Exactly as they appear, reproduce the lines from the one holding "Predict a 3D" through the last line of the material below.

Dataset excerpt =
========================================

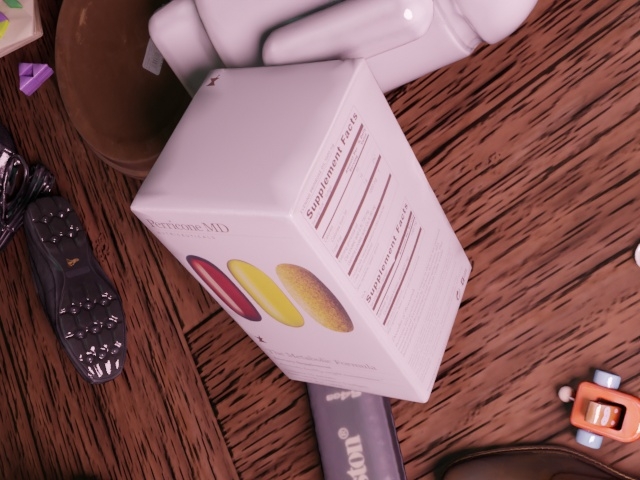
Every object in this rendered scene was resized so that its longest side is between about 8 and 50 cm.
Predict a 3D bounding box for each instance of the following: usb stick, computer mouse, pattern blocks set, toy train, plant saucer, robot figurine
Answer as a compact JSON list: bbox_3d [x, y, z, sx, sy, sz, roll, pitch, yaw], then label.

========================================

Worked solution =
Predict a 3D bounding box for each instance of the following: usb stick, computer mouse, pattern blocks set, toy train, plant saucer, robot figurine
Answer as a compact JSON list: bbox_3d [x, y, z, sx, sy, sz, roll, pitch, yaw], then label.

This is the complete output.